#### [What you will do]
Write each line below back out exactly, omitting its pictures.
_____
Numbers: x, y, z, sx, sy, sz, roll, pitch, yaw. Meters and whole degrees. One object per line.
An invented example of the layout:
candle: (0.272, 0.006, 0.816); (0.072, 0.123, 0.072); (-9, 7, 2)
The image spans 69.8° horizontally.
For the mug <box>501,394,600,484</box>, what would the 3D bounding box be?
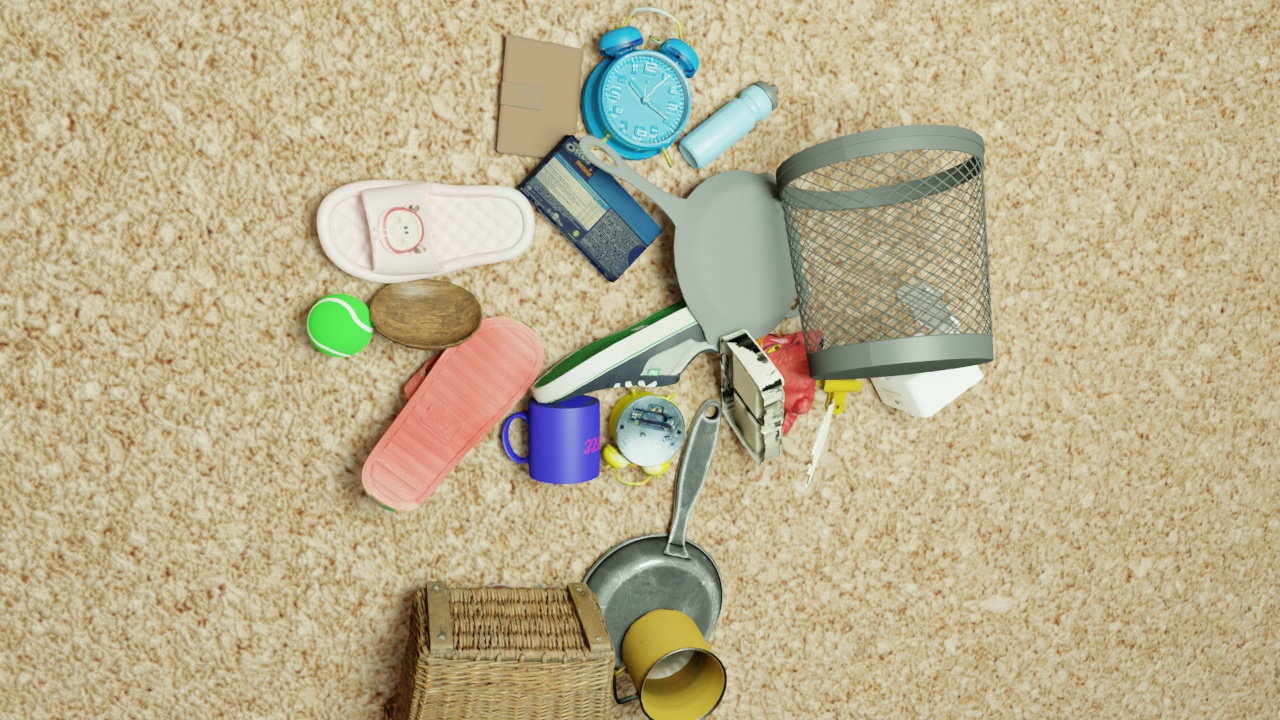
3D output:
mug: (-0.100, 0.085, 1.020); (0.111, 0.079, 0.083); (3, 100, 12)

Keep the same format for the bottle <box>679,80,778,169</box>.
bottle: (0.103, -0.268, 1.028); (0.130, 0.040, 0.040); (-39, 108, -6)

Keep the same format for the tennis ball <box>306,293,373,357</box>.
tennis ball: (-0.307, -0.036, 0.938); (0.065, 0.065, 0.065); (-3, 100, -16)

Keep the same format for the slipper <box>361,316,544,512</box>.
slipper: (-0.205, 0.052, 0.987); (0.103, 0.059, 0.248); (45, 71, -16)

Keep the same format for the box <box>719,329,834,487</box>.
box: (0.161, 0.064, 1.010); (0.070, 0.186, 0.144); (-23, 141, -12)

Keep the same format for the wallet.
wallet: (-0.108, -0.278, 0.980); (0.087, 0.013, 0.121); (3, 99, -21)

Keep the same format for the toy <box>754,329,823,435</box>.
toy: (0.165, 0.023, 1.097); (0.094, 0.087, 0.133); (10, 121, 15)

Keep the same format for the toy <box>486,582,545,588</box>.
toy: (-0.130, 0.280, 1.065); (0.111, 0.030, 0.049); (3, 113, -16)

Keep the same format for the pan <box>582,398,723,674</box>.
pan: (0.040, 0.220, 1.099); (0.187, 0.055, 0.357); (15, 100, -18)

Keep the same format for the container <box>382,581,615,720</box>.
container: (-0.146, 0.349, 0.988); (0.249, 0.162, 0.183); (3, 110, -17)

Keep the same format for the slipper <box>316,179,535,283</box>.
slipper: (-0.218, -0.135, 0.952); (0.221, 0.056, 0.107); (-6, 103, -16)

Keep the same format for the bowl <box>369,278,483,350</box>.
bowl: (-0.223, -0.042, 0.958); (0.114, 0.101, 0.026); (5, 136, -11)

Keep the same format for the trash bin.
trash bin: (0.265, -0.102, 0.981); (0.217, 0.218, 0.227); (-3, 84, -16)

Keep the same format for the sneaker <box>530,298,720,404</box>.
sneaker: (-0.006, 0.006, 1.015); (0.235, 0.084, 0.079); (-26, 102, -20)

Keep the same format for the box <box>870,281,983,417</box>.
box: (0.332, -0.024, 1.103); (0.121, 0.109, 0.136); (-35, 108, -8)

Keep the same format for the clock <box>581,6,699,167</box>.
clock: (0.001, -0.294, 0.983); (0.116, 0.060, 0.161); (7, 97, -17)

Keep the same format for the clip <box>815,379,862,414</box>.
clip: (0.243, 0.040, 1.137); (0.054, 0.044, 0.049); (0, 141, -17)

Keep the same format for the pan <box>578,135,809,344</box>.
pan: (0.075, -0.144, 0.999); (0.354, 0.024, 0.216); (30, 74, -32)

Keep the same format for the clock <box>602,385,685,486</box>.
clock: (0.003, 0.089, 1.054); (0.083, 0.057, 0.119); (13, 96, -18)

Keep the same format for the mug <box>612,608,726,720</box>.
mug: (0.024, 0.351, 1.047); (0.123, 0.094, 0.100); (-19, 110, -10)

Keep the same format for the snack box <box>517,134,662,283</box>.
snack box: (-0.053, -0.165, 1.003); (0.082, 0.027, 0.150); (-47, 114, -5)
_____
#### [Problem solution]
Numbers: x, y, z, sx, sy, sz, roll, pitch, yaw. Meters and whole degrees. One object per line.
An invented example of the layout:
candle: (0.272, 0.006, 0.816); (0.072, 0.123, 0.072); (-9, 7, 2)
The image spans 69.8° horizontally.
For the mug <box>501,394,600,484</box>, what would the 3D bounding box be?
3D output:
mug: (-0.100, 0.085, 1.020); (0.111, 0.079, 0.083); (3, 100, 12)

Keep the same format for the bottle <box>679,80,778,169</box>.
bottle: (0.103, -0.268, 1.028); (0.130, 0.040, 0.040); (-39, 108, -6)

Keep the same format for the tennis ball <box>306,293,373,357</box>.
tennis ball: (-0.307, -0.036, 0.938); (0.065, 0.065, 0.065); (-3, 100, -16)

Keep the same format for the slipper <box>361,316,544,512</box>.
slipper: (-0.205, 0.052, 0.987); (0.103, 0.059, 0.248); (45, 71, -16)

Keep the same format for the box <box>719,329,834,487</box>.
box: (0.161, 0.064, 1.010); (0.070, 0.186, 0.144); (-23, 141, -12)

Keep the same format for the wallet.
wallet: (-0.108, -0.278, 0.980); (0.087, 0.013, 0.121); (3, 99, -21)

Keep the same format for the toy <box>754,329,823,435</box>.
toy: (0.165, 0.023, 1.097); (0.094, 0.087, 0.133); (10, 121, 15)

Keep the same format for the toy <box>486,582,545,588</box>.
toy: (-0.130, 0.280, 1.065); (0.111, 0.030, 0.049); (3, 113, -16)

Keep the same format for the pan <box>582,398,723,674</box>.
pan: (0.040, 0.220, 1.099); (0.187, 0.055, 0.357); (15, 100, -18)

Keep the same format for the container <box>382,581,615,720</box>.
container: (-0.146, 0.349, 0.988); (0.249, 0.162, 0.183); (3, 110, -17)

Keep the same format for the slipper <box>316,179,535,283</box>.
slipper: (-0.218, -0.135, 0.952); (0.221, 0.056, 0.107); (-6, 103, -16)

Keep the same format for the bowl <box>369,278,483,350</box>.
bowl: (-0.223, -0.042, 0.958); (0.114, 0.101, 0.026); (5, 136, -11)

Keep the same format for the trash bin.
trash bin: (0.265, -0.102, 0.981); (0.217, 0.218, 0.227); (-3, 84, -16)

Keep the same format for the sneaker <box>530,298,720,404</box>.
sneaker: (-0.006, 0.006, 1.015); (0.235, 0.084, 0.079); (-26, 102, -20)

Keep the same format for the box <box>870,281,983,417</box>.
box: (0.332, -0.024, 1.103); (0.121, 0.109, 0.136); (-35, 108, -8)

Keep the same format for the clock <box>581,6,699,167</box>.
clock: (0.001, -0.294, 0.983); (0.116, 0.060, 0.161); (7, 97, -17)

Keep the same format for the clip <box>815,379,862,414</box>.
clip: (0.243, 0.040, 1.137); (0.054, 0.044, 0.049); (0, 141, -17)

Keep the same format for the pan <box>578,135,809,344</box>.
pan: (0.075, -0.144, 0.999); (0.354, 0.024, 0.216); (30, 74, -32)

Keep the same format for the clock <box>602,385,685,486</box>.
clock: (0.003, 0.089, 1.054); (0.083, 0.057, 0.119); (13, 96, -18)

Keep the same format for the mug <box>612,608,726,720</box>.
mug: (0.024, 0.351, 1.047); (0.123, 0.094, 0.100); (-19, 110, -10)

Keep the same format for the snack box <box>517,134,662,283</box>.
snack box: (-0.053, -0.165, 1.003); (0.082, 0.027, 0.150); (-47, 114, -5)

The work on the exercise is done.